SEO tends to attract a lot of myths and misconceptions, and I think it’s due to the nature of the strategy. Google (and other search engines) don’t explicitly publish their search criteria or algorithm functionality, leading to ambiguity and questionable evidence when trying to pinpoint exactly what causes something to rank. Anecdotal evidence almost always reigns supreme, and unfortunately, some bits of anecdotal evidence are untrue, or are just random flukes, and end up getting blown out of proportion and syndicated to a wide audience.
Local SEO is no exception to this trend associated with its national cousin. But before you make any immediate judgments or think you know local SEO inside and out, check out these all-too-common misconceptions about the strategy:
This is somewhat true to the user, but even then it’s a bit of a stretch. Local SEO actually functions with a separate algorithm from Google’s national SEO foundation. It uses a separate series of ranking criteria, and formulates different sets of results based on the circumstances. When a user includes a geographic indicator (like a city or region), or if location data is automatically shared, a local “3-pack” appears at the top of the search results. These three top positions are coveted, as they get tons of visibility and traffic, but you can’t necessarily achieve them with a traditional national SEO campaign and a couple of extra keywords.
This is a misconception that spread thanks to the terminology of “local SEO.” The thinking is: local SEO must be for local businesses, so if I’m not a locally exclusive business, local SEO isn’t for me. This isn’t the case. Local SEO can (and should) be used by any business with a location in a specific city or state, even if it operates nationally, and even if it doesn’t have a physical location (operating only digitally). Local SEO doesn’t take much effort, yet has a much lower pool of competition than national SEO. With a few hours of extra work a week, you could easily pick up a new wing of search visibility—so what does it matter if your business isn’t a mom and pop shop?
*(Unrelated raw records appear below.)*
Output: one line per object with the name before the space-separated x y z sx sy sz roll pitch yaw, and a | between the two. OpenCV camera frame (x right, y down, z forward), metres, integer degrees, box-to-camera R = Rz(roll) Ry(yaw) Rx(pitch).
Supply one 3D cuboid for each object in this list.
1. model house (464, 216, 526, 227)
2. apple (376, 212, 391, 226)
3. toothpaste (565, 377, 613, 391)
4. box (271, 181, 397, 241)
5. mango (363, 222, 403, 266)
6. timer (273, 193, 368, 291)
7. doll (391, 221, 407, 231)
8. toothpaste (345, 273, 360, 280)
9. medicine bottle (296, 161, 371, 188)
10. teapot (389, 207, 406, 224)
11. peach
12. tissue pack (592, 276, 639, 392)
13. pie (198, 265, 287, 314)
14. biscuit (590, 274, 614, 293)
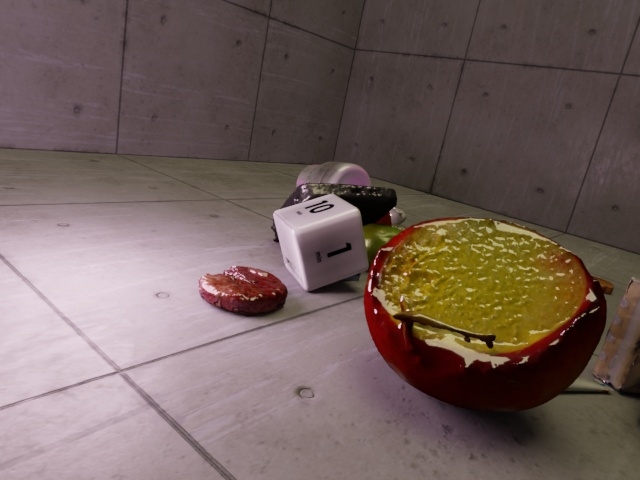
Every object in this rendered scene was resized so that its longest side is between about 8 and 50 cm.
model house | 0.502 0.122 1.256 0.318 0.296 0.282 8 -29 6
apple | 0.192 -0.069 1.845 0.181 0.168 0.181 15 18 -5
toothpaste | 0.544 0.308 1.007 0.191 0.031 0.048 9 13 -21
box | 0.037 -0.084 1.573 0.351 0.090 0.359 0 -22 -25
mango | 0.237 0.031 1.546 0.273 0.148 0.185 17 4 28
timer | 0.000 0.000 1.312 0.195 0.194 0.192 -19 25 -15
doll | 0.349 -0.031 1.987 0.286 0.091 0.202 9 27 -12
toothpaste | 0.027 0.055 1.503 0.066 0.053 0.272 6 16 -33
medicine bottle | 0.054 -0.244 2.205 0.256 0.255 0.325 0 11 -35
teapot | 0.339 -0.124 2.278 0.145 0.092 0.226 9 14 -17
peach | 0.286 0.146 0.880 0.407 0.309 0.334 3 51 12
tissue pack | 0.764 0.220 1.048 0.215 0.256 0.123 7 19 -14
pie | -0.185 0.117 1.131 0.205 0.053 0.219 22 17 34
biscuit | 0.998 0.138 1.897 0.334 0.047 0.202 18 17 23
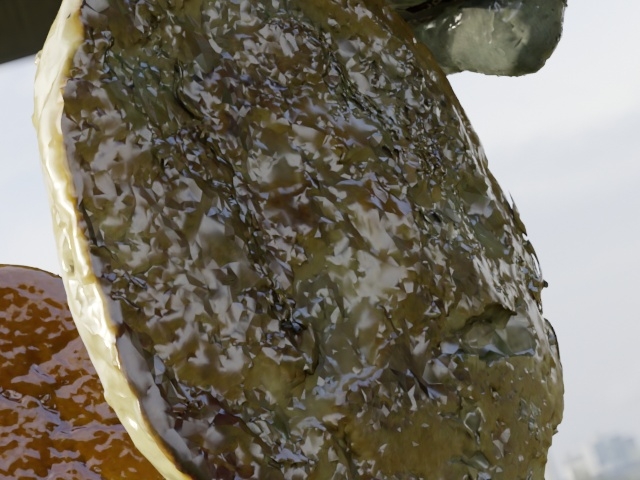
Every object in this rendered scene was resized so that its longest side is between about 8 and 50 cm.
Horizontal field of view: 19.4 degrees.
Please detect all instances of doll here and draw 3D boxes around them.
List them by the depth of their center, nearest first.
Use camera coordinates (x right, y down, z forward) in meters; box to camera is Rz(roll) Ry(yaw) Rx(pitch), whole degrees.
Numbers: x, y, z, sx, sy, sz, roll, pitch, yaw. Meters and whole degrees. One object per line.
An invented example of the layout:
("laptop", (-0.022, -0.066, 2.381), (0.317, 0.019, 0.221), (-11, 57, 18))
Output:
("doll", (0.072, -0.158, 1.151), (0.246, 0.158, 0.340), (-34, -1, 18))

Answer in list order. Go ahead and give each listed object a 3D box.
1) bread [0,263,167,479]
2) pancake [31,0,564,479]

After reading the first myth about national and local SEO being separate, you might fall for this misconception: that link building is only important for national optimization, and isn’t necessary for local SEO. Though it might have been a load off your mind, this isn’t true. Domain authority does play into local SEO ranks, and that means the quality, context, and quantity of links you have pointing back to your domain does come into play when Google calculates your local position.
Local citations are extremely important for local SEO—these are mentions or profiles of your business on third-party directories and review sites (such as Yelp, TripAdvisor, or UrbanSpoon). Google crawls these massive sites to learn more about businesses on the web, and the wider and more consistently accurate your presence is, the more likely you are to rank. However, these citations aren’t the only factors that matter in getting your site to rank, so don’t neglect the other necessities of your strategy to pursue them.
Similarly, local reviews are important but aren’t the only thing that matter. Google scopes out the quantity, quality, and context of local reviews written by users about your brand, and aggregates them to form a conclusion about how authoritative your business is. Getting more positive reviews can help you, while getting bad or zero reviews can bring you down. Still, if you only focus on reviews you’ll miss out on content, link building, citation building, and other strategies that can help your business claim a spot in that all-important 3-pack.
Social media can help local SEO. However, social media can’t directly increase your local SEO rank. Think these are contradictory statements? They aren’t. Being active on social media helps you in a few ways—it gives third-party directory sites more information to pull when coming up with your profile, gives you a syndication outlet for your content (which can then earn you more links), and even generate more consumer reviews. There’s no direct benefit for posting on social media, but the indirect benefits are enormous.
National SEO is super competitive, but even there, it’s never too late to break into the game. Just because your business is new or because you’ve waited a long time to get involved in local SEO doesn’t mean you can’t start building a presence. Depending on how much time and resources you can commit, you could start seeing results as early as a few months after getting started—and you might even have a competitive advantage that makes this time period even shorter.
Most of these misconceptions won’t hurt you too bad, but some can compromise the potential success of your strategy before it even begins. Do your research before making any flash judgments, and stay up-to-date on the latest information, as local SEO today isn’t anything like it was just a few years ago. If all else fails, you can use your own data as your guide—if you make a change and it increases your visibility, keep it. If it doesn’t, throw it out. What really matters is results, but don’t be surprised if you have a hard time getting them if you continue to buy into these myths.